X_train_full, X_test_full, y_train_full, y_test_full = train_test_split(X_reduced, y, test_size=0.2, random_state=42)

# Muestreo para entrenamiento rápido
train_sample_size = min(30000, X_train_full.shape[0])
train_idx = np.random.RandomState(1).choice(X_train_full.shape[0], train_sample_size, replace=False)
X_train = X_train_full[train_idx]
y_train = y_train_full[train_idx]
X_test = X_test_full
y_test = y_test_full

final_model = RandomForestRegressor(n_estimators=80, random_state=42, n_jobs=1)
final_model.fit(X_train, y_train)
y_pred = final_model.predict(X_test)

mse = mean_squared_error(y_test, y_pred)
rmse = np.sqrt(mse)
r2 = r2_score(y_test, y_pred)
print(f"MSE: {mse:.4f}, RMSE: {rmse:.4f}, R2: {r2:.4f}")

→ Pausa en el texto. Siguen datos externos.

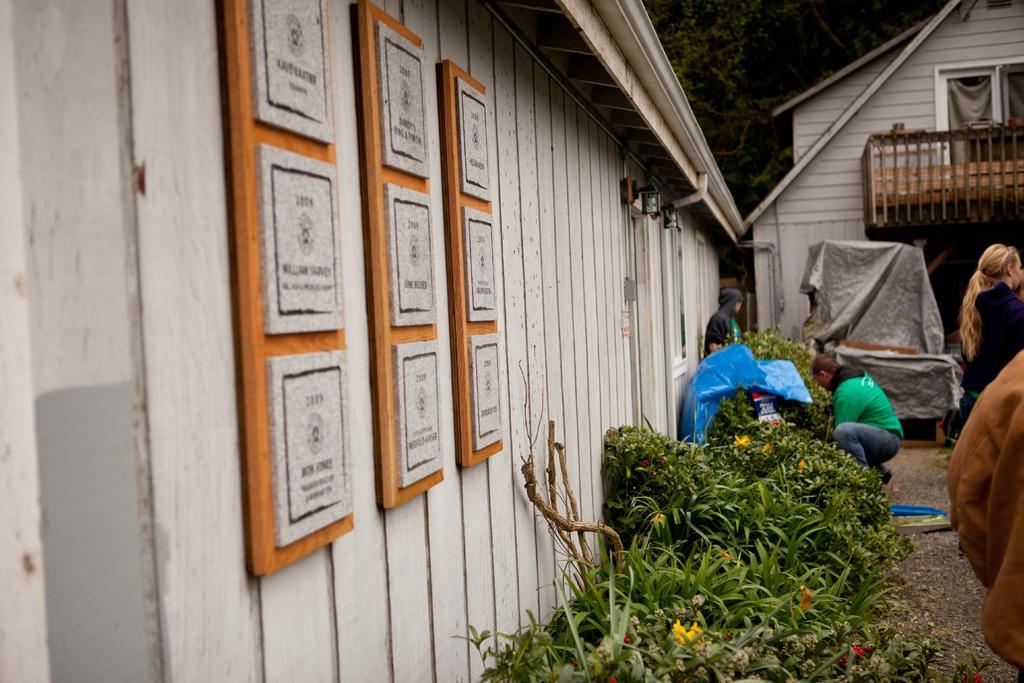Describe this image in one or two sentences. As we can see in the image there are buildings, plants, few people and in the background there are trees.

## 6. Importancia de características

In [None]:

importances = pd.Series(final_model.feature_importances_, index=selected_features).sort_values(ascending=False)
importances.head(20).plot(kind='barh', figsize=(6,6), title='Top 20 Features Importantes')
plt.show()


## 7. Evaluación visual (Predicciones vs Reales)

In [None]:

plt.figure(figsize=(6,5))
plt.scatter(y_test, y_pred, alpha=0.2)
plt.xlabel('True Total_Bill')
plt.ylabel('Predicted Total_Bill')
plt.title('Real vs Predicho')
plt.tight_layout()
plt.show()


## 8. Conclusiones


- **Target:** `Total_Bill`
- **Feature selection:** RandomForest con umbral de importancia mediana → reducción de 103 a ~52 features.
- **Modelo:** RandomForestRegressor (80 árboles, muestreo de 30k filas).
- **Resultados:**  
  - R² ≈ 0.90  
  - RMSE ≈ 1.46  
- **Conclusión:** El modelo logra predecir con alta precisión el monto total de la cuenta.  
  Posibles mejoras: ajustar hiperparámetros, probar XGBoost o LightGBM, agregar variables derivadas (ej. `qty * unit_price`).